Una nueva técnica engaña al cerebro enviándole señales de saciedad
Un revolucionario dispositivo similar a un marcapasos detecta cualquier alimento que el paciente ingiere y envía impulsos eléctricos al cerebro «informando» de la sensación de saciedad mediante la neuroestimulación. Este sistema, llamado Abiliti, que se instala por vía laparoscópica y no altera la fisiología del estómago, es mucho más seguro que la técnica de la banda gástrica: no tiene tantas complicaciones en el posoperatorio y reduce la morbilidad y el número de reintervenciones en un par de años. No exige tampoco el seguimiento de dietas complejas y facilita la reeducación del paciente en relación a los hábitos alimentarios. Además, desde un ordenador, el médico puede controlar por Wi-Fi todos los datos acumulados en el dispositivo.

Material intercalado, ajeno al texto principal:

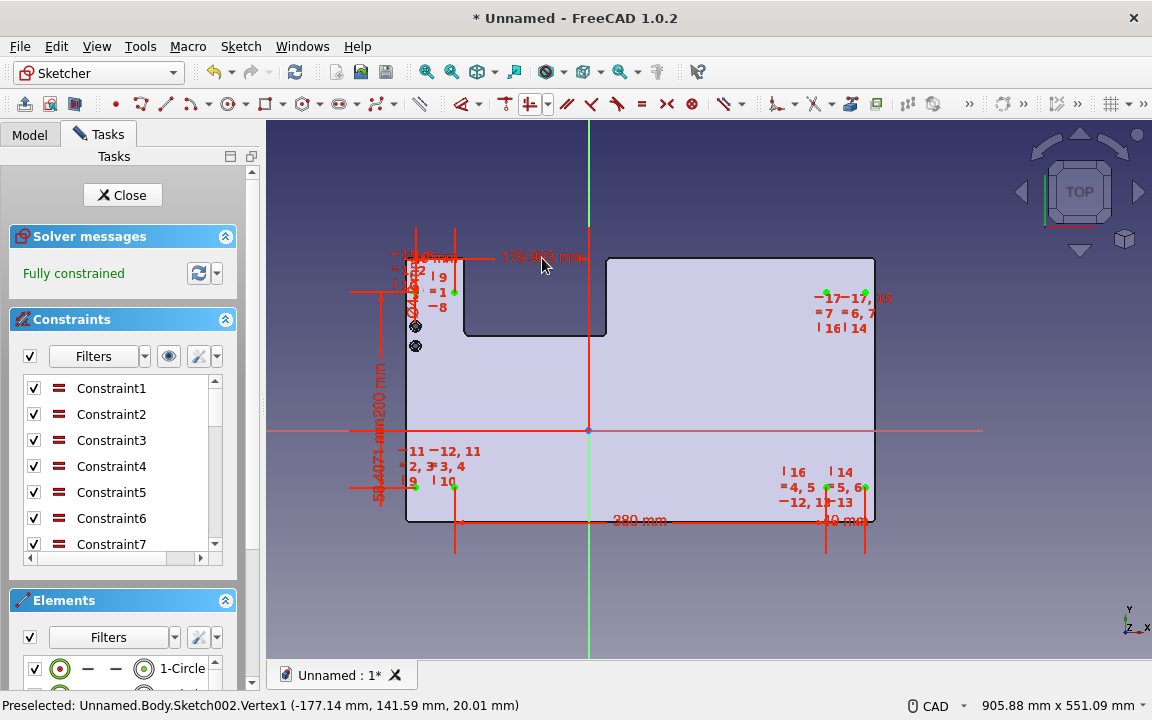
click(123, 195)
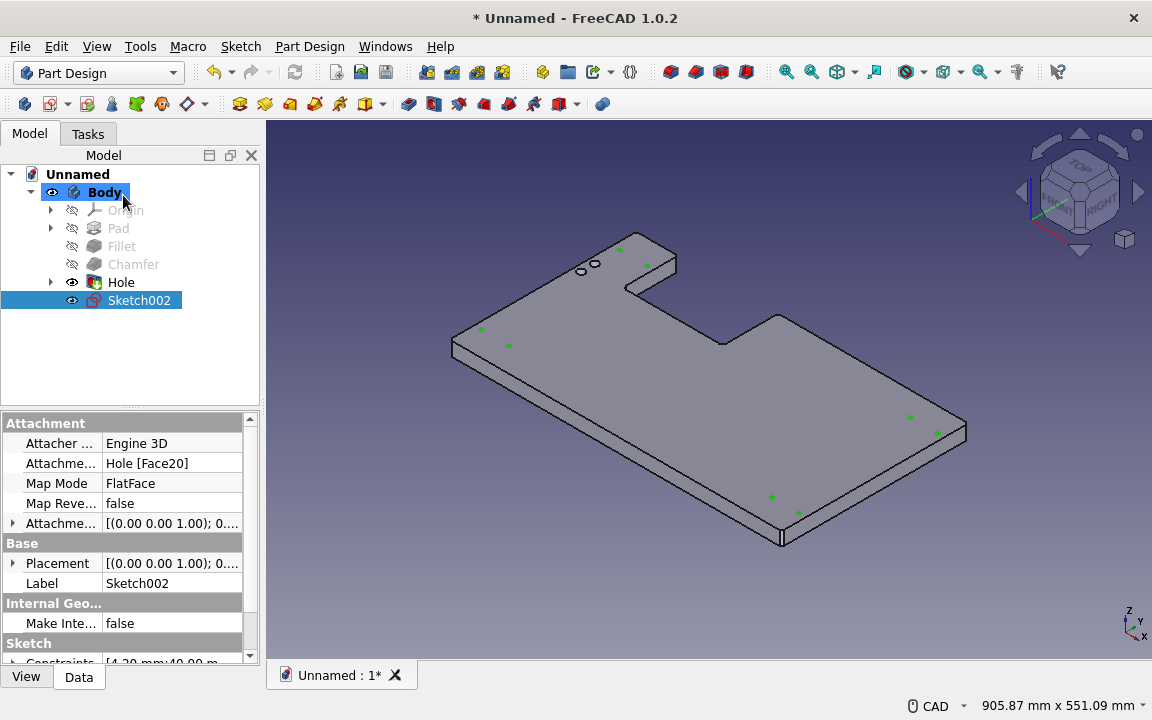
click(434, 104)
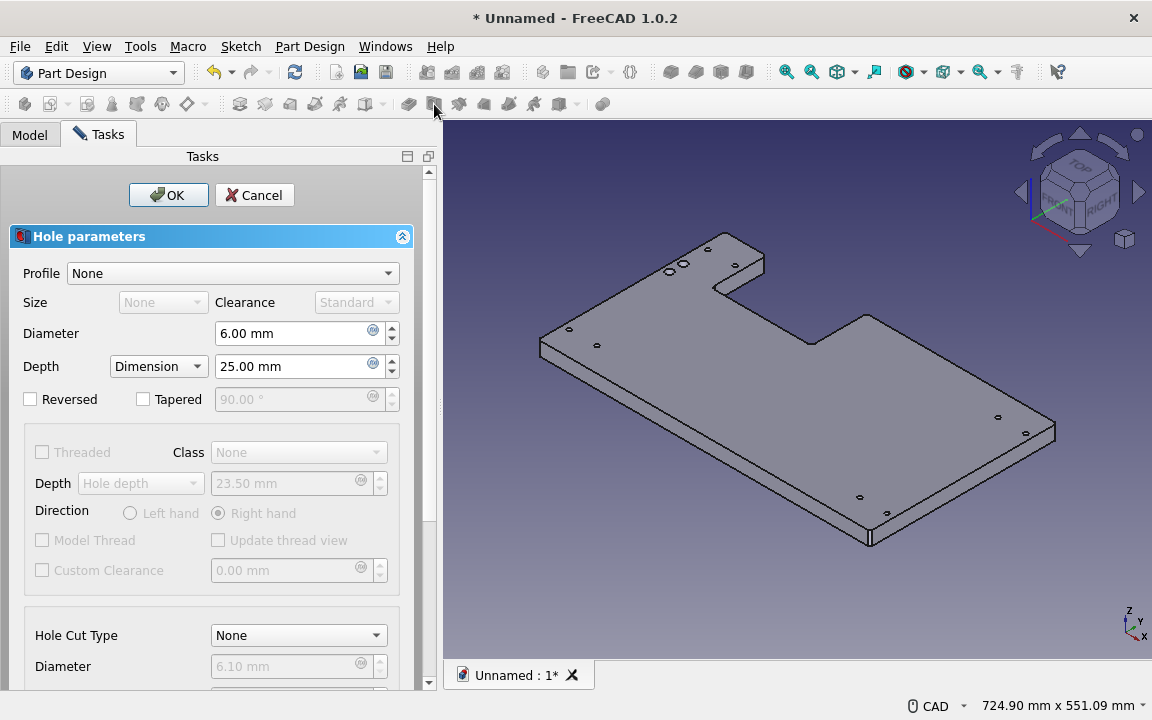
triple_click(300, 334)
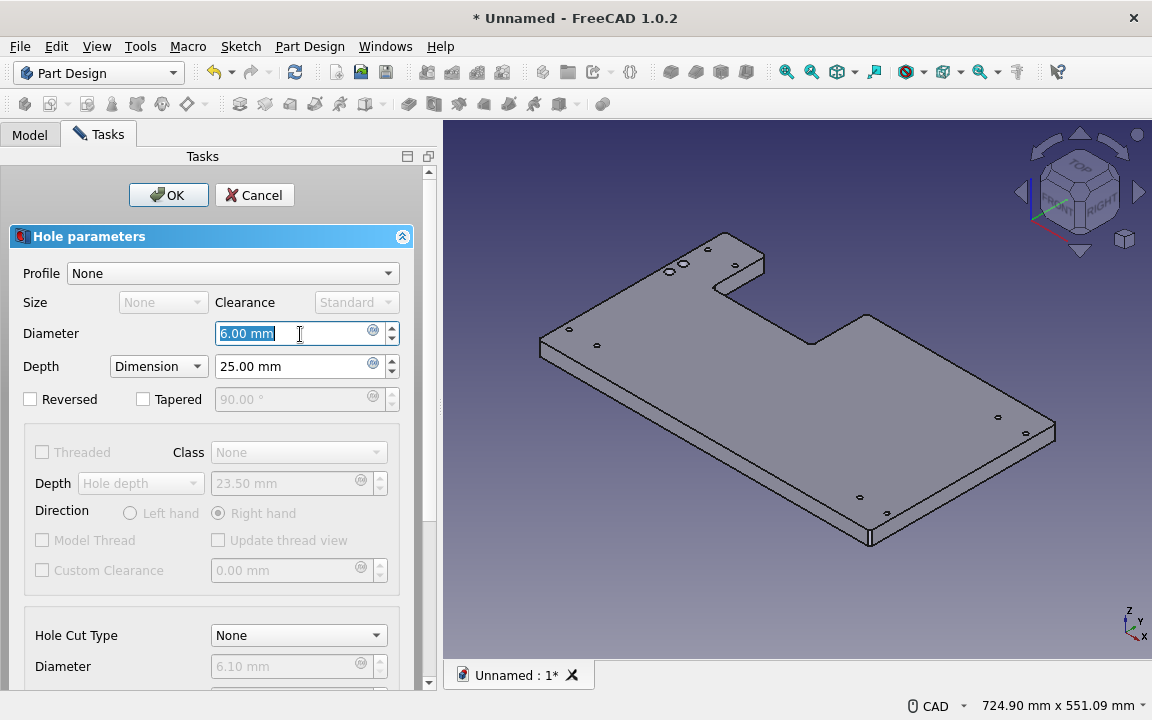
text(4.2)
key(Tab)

Recientemente, el doctor Manuel Mirás, jefe del servicio de cirugía digestiva de la clínica La Luz de Madrid, ha implantado por primera vez en España este dispositivo a 2 pacientes con obesidad mórbida. Estas personas esperan perder, como las previsiones indican, entre el 21 y el 35 por ciento del sobrepeso en un año. Silke, la primera paciente a la que se le aplicó la técnica en Alemania, perdió 36 kilos en los 10 meses siguientes a su operación. El dispositivo se instala mediante cirugía mínimamente invasiva en la pared exterior del estómago, a través de una cánula que alcanza el interior y que es capaz de detectar el momento en que el paciente ingiere alimento sólido o líquido. Entonces, el sistema se pone en funcionamiento y envía impulsos eléctricos de bajo nivel a la pared del estómago provocando su distensión y, en consecuencia, una sensación de saciedad antes de que este se llene. Pero aún hay más: el dispositivo es, a su vez, un espía que registra automáticamente en su memoria cuándo el paciente come, bebe o hace ejercicio. Vía Wi-Fi, el médico y el paciente pueden ver así los datos de consumo de alimentos y ejercicio, lo que les permite desarrollar estrategias eficaces para optimizar la pérdida de peso. El médico puede también calibrar de esta forma la intensidad de la neuroestimulación del estómago, ajustándola a la evolución del paciente, sin necesidad de una nueva intervención quirúrgica.
 
Según las investigaciones en Alemania e Inglaterra -los otros países que, con España, implantan esta nueva técnica en Europa-, este apoyo externo aumenta la eficacia del programa de adelgazamiento, ya que el contacto con una valiosa red social de apoyo estimula aún más a los pacientes. «Es una clara alternativa a la banda gástrica, la técnica de cirugía bariátrica más utilizada -explica el doctor Manuel Mirás-. Y es que es menos agresiva, no altera la fisiología del estómago -como sucede con la banda ajustable y el bypass gástrico- y se puede realizar en régimen ambulatorio. Además, presenta menos complicaciones posquirúrgicas. Es de esperar que con el tiempo este sistema pueda sustituir a la banda gástrica».